Der libysche Ministerpräsident bittet um Gespräche über einen Waffenstillstand, die Nato ist skeptisch. Um die Hafenstadt Misurata sollen Gaddafis Truppen Minen ausgelegt haben.

Indische Flüchtlinge aus Misurata. Bild: reuters

BRÜSSEL dpa/afp | Die Nato hat sich skeptisch zu Berichten über einen erneuten Wunsch der libyschen Regierung von Machthaber Muammar al Gaddafi nach Verhandlungen über einen Waffenstillstand geäußert. "Sie haben vielleicht von einem Brief Gaddafis gehört. Der wurde nicht an die Nato geschickt", sagte Bündnissprecherin Oana Lungescu am Freitag in Brüssel. "Das Regime hat frühere ähnliche Erklärungen veröffentlicht und dann mit dem Beschuss von Zivilisten weitergemacht."

Der libysche Ministerpräsident Al-Baghdadi Al-Mahmudi hat nach Informationen am Rande des G8-Gipfels in Deauville in einem Telefongespräch mit dem russischen Außenminister Sergej Lawrow um Hilfe bei der Vermittlung eines Waffenstillstandes sowie bei Verhandlungen ohne Vorbedingungen gebeten.

"Ich habe keinen Zweifel daran, dass das Regime den Druck unseres Erfolges spürt", sagte der Kommandeur des Nato-Militäreinsatzes in Libyen, der kanadische Generalmajor Charles Bouchard. Die Nato werde ihre Angriffe fortsetzen.

Die libysche Hauptstadt Tripolis ist nach Angaben des Staatsfernsehens erneut von der Nato bombardiert worden. Wie der arabische Nachrichtensender Al-Dschasira in der Nacht zum Freitag berichtete, war von fünf starken Explosionen die Rede. Es sei ein Areal getroffen worden, das Machthaber Muammar al-Gaddafi benutzt. Einzelheiten waren zunächst nicht bekannt.

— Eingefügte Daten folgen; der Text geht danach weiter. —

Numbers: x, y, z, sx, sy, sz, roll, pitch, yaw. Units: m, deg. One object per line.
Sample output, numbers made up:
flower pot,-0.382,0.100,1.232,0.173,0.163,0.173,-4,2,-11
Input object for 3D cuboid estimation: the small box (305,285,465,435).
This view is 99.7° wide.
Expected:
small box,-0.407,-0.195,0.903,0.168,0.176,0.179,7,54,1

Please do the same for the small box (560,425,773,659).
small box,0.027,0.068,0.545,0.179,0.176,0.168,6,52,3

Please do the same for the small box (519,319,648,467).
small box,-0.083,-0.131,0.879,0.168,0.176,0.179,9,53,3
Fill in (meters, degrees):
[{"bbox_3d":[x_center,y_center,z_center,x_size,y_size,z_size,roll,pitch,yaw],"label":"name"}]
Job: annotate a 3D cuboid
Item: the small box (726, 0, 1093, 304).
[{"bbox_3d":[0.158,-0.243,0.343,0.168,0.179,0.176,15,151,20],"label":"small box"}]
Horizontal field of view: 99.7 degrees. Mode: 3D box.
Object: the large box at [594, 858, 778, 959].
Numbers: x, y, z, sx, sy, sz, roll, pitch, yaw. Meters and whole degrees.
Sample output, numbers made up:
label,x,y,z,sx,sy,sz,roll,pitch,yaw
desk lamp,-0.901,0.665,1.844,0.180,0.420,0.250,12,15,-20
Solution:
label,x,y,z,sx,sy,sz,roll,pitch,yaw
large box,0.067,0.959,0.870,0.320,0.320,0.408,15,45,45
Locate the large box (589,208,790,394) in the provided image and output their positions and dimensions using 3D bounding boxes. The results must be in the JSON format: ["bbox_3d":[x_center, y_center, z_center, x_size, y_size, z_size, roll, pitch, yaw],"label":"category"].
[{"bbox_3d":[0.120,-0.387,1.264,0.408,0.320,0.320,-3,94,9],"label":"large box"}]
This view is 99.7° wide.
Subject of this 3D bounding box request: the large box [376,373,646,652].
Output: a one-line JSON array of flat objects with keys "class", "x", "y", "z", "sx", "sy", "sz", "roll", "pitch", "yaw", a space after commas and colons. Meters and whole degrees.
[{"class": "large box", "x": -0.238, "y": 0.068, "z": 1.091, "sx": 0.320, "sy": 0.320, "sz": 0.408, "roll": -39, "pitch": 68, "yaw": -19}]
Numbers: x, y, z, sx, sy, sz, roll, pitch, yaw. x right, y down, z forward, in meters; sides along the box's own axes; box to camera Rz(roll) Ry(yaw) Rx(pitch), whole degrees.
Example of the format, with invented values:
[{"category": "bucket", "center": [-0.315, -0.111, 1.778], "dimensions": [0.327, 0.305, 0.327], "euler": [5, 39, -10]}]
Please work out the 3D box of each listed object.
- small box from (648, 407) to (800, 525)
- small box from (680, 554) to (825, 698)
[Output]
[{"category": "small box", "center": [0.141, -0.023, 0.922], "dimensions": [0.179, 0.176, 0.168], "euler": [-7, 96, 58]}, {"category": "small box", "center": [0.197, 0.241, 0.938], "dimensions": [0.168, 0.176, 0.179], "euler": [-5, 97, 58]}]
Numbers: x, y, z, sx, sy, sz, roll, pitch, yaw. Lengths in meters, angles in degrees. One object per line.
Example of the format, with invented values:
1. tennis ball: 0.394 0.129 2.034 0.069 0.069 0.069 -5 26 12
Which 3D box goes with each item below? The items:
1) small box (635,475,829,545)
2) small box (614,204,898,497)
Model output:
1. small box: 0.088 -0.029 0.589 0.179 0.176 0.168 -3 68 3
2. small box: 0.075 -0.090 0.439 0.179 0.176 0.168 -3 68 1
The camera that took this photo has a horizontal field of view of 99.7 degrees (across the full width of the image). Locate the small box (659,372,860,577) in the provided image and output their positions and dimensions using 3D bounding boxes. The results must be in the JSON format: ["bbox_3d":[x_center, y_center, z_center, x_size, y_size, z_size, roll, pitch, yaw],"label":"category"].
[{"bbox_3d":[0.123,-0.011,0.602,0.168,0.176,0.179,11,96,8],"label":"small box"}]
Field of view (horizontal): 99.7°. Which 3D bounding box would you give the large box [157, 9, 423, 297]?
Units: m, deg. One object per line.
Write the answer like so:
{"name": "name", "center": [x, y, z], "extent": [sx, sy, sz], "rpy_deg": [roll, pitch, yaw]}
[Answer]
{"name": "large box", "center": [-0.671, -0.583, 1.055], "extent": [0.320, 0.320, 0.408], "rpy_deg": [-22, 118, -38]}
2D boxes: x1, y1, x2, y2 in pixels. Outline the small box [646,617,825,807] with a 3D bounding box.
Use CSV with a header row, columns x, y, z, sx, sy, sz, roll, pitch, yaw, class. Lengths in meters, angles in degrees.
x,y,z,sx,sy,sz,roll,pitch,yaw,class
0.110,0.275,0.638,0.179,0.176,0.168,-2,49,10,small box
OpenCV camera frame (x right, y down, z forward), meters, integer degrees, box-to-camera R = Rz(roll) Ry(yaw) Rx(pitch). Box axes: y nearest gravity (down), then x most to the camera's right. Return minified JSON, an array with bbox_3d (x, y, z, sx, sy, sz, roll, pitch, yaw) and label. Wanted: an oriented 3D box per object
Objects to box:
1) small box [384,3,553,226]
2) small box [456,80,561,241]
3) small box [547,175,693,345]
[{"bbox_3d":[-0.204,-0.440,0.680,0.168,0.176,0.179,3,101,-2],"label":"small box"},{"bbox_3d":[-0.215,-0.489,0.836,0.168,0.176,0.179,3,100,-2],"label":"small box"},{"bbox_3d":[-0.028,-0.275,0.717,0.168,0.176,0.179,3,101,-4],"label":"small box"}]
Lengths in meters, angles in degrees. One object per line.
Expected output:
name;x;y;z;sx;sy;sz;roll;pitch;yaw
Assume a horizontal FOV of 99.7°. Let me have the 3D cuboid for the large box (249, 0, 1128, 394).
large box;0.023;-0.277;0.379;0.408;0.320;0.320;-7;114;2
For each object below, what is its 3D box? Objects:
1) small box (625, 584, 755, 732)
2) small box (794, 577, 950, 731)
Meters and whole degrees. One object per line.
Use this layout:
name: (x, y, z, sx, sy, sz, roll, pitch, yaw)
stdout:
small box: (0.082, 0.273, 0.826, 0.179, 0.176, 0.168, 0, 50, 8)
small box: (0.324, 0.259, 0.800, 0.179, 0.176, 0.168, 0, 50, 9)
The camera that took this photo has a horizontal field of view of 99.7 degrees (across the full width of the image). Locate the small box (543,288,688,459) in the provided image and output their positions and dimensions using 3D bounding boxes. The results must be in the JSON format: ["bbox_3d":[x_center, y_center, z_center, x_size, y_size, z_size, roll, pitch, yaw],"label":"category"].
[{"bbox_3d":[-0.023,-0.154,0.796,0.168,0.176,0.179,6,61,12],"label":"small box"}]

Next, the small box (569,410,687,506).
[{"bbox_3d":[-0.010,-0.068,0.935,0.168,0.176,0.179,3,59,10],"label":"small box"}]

Die Nato fliegt seit zwei Monaten Angriffe auf Ziele in Libyen.

Kampfhubschrauber noch nicht bereit

Die von Frankreich und Großbritannien bereitgestellten Kampfhubschrauber seien noch nicht einsatzbereit, sagte Bouchard. "Wir sind noch dabei, ihre Fähigkeiten so zu gestalten, dass sie alles tun können, was wir brauchen", sagte der General. "Sobald das abgeschlossen ist, werden sie eingesetzt." Die Hubschrauber stünden unter Nato-Befehl. Sie seien zum Transport von Soldaten für einen Einsatz zu Lande nicht geeignet - ein solcher Einsatz werde auch von der Nato weiterhin nicht geplant.

Die Hubschrauber könnten aber auch dazu benutzt werden, um Informationen über mögliche Ziele aus geringer Höhe zu beschaffen. "Es ist sehr viel schwieriger, manche Dinge aus großer Höhe zu sehen."

Die Nato habe aus dem Balkankrieg gelernt, "dass schnelles Handeln auch effektives Handeln bedeutet". Die Verhaftung des bosnischen Serbengenerals Ratko Mladic sei auch ein Signal, dass es Gerechtigkeit gebe. "Das ist eine Botschaft an andere, die vielleicht auch die eigene Bevölkerung angreifen."

Nato: Misurata vermint

Die Nato wirft den Truppen des libyschen Machthabers Muammar el Gaddafi vor, die Umgebung der Rebellenhochburg Misurata vermint zu haben. "Wir haben heute morgen einen Bericht über ein Minenfeld um Misurata erhalten", sagte der Oberbefehlshaber des Libyen-Einsatzes der Nato, Charles Bouchard, am Freitag in einer aus Neapel übertragenen Video-Pressekonferenz. "Anti-Personen-Landminen wurden im Widerspruch zu internationalem Recht in der Umgebung von Misrata gelegt." Die Gaddafi-Truppen brächten dadurch bewusst die Bevölkerung in Gefahr.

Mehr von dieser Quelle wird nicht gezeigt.